Let’s All Work On Our Issues

Share
A scene from Dragon Age The Veilguard of a crowd watching a street performer

I was originally going to pass on Veilguard because I wasn’t that interested in the franchise, but holiday boredom plus a holiday sale led to me giving it a try. Once I got into it, I remembered that I really liked Anthem. Wandering through these levels really reminded me of some parts of the map in Anthem.

A screenshot from Dragon Age The Veilguard of the player character looking at the sun next to a tower

What I don’t like about the Dragon Age and Mass Effect games is the relationship simulator part. I like wandering around, exploring, getting into fights, solving puzzles and quests. I don’t like navigating a four choice tree to listen to an NPC tell me their story and in doing so improve our relationship. It always felt to me like these moments really killed any momentum the game had built up. I do think my view of these games is a little skewed due to posts I see on Tumblr that seem to treat these games as really more dating simulators than RPGs.

Cleverly, in Dragon Age, improving your relationship is how you level up your NPC companions. This gave me an incentive to talk to the characters. It didn’t make it less boring, but gave me a reason to do it. And I’m not disparaging the characters. The writing is crisp and top-notch, and the art work throughout the game is amazing. There were several moments where I felt like I had wandered into the cover of an 80s fantasy paperback. The quality of the game overall is breath of fresh air; it’s delightful to have a AAA title be so polished and relatively bug-free.

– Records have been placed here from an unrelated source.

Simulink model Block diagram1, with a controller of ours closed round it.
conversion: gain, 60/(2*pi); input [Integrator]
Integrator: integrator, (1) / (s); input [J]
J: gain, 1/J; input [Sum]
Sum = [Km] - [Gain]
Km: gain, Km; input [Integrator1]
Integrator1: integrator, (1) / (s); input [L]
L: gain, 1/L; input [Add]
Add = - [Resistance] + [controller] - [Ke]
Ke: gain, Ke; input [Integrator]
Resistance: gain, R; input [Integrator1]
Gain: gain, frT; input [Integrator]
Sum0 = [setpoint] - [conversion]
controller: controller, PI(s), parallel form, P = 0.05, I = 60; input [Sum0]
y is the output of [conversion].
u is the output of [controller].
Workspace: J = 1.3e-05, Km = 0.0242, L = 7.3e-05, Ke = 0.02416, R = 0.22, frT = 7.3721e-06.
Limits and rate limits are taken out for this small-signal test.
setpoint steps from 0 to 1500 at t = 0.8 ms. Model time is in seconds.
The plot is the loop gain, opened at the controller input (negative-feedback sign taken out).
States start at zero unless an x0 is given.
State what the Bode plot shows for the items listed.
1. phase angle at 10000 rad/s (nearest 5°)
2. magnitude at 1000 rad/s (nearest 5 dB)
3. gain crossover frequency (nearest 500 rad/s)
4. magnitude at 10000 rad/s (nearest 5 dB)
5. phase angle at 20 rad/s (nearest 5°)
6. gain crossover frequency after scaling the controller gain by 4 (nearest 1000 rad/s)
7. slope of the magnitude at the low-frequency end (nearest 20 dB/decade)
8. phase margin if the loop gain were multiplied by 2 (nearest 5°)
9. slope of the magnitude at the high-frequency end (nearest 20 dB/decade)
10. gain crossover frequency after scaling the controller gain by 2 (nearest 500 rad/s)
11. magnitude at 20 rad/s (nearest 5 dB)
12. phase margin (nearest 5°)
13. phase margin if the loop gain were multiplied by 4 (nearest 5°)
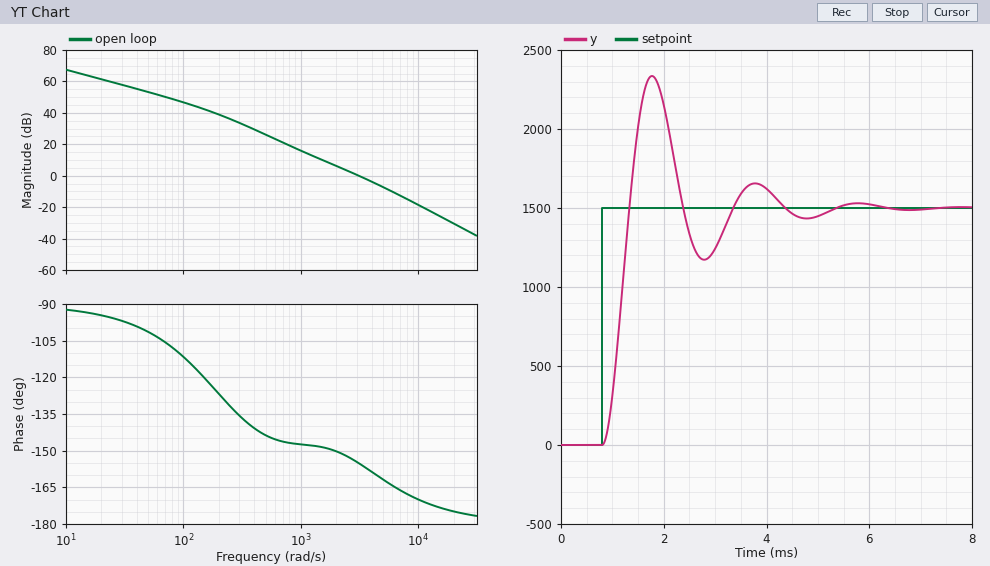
-170°
15 dB
3000 rad/s
-20 dB
-95°
7000 rad/s
-20 dB/decade
20°
-40 dB/decade
4500 rad/s
60 dB
25°
15°
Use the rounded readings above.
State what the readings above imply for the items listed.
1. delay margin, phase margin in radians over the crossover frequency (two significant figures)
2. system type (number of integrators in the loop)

0.00015 s
1
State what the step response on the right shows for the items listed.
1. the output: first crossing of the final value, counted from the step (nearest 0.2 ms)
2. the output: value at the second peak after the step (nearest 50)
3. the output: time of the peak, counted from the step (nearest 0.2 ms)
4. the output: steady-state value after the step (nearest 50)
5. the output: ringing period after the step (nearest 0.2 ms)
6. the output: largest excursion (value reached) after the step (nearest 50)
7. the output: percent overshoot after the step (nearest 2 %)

0.6 ms
1650
1.0 ms
1500
2.0 ms
2350
56 %

A screenshot from Dragon Age The Veilguard showing the player and a spectral boatman

The combat is crisp and punchy, much more like Anthem than Inquisition. The real reason I started to care about leveling the NPC companions was to take advantage of the primer/detonator system of actions, where one NPC can apply an effect to an enemy that the second NPC can detonate with their action, doing massive damage across an area. As you level your character, you can build a set of actions that suit your play style, and then tune a set of companions that work with it.

The story has been pretty good so far, and I had a lot of fun spending all my free time over the past couple of weeks exploring the different areas. But I may have just hit the shelf point. I’m not quite sure. We just concluded a major chapter of the story, and the take away of the conclusion seems to be that all the NPCs failed in some way due to unresolved issues, and now we have to resolve our issues. It feels like the game is forcing me into what feels like to me to be the boring content.

A screenshot from Dragon Age The Veilguard showing the player exploring a level

Anyway, I could probably ignore it for a while. There are still of plenty of areas to explore and puzzles to unlock. It’s just every so often the game kind of forces you to go back home and check in with everyone, and I’m getting a little tired of that.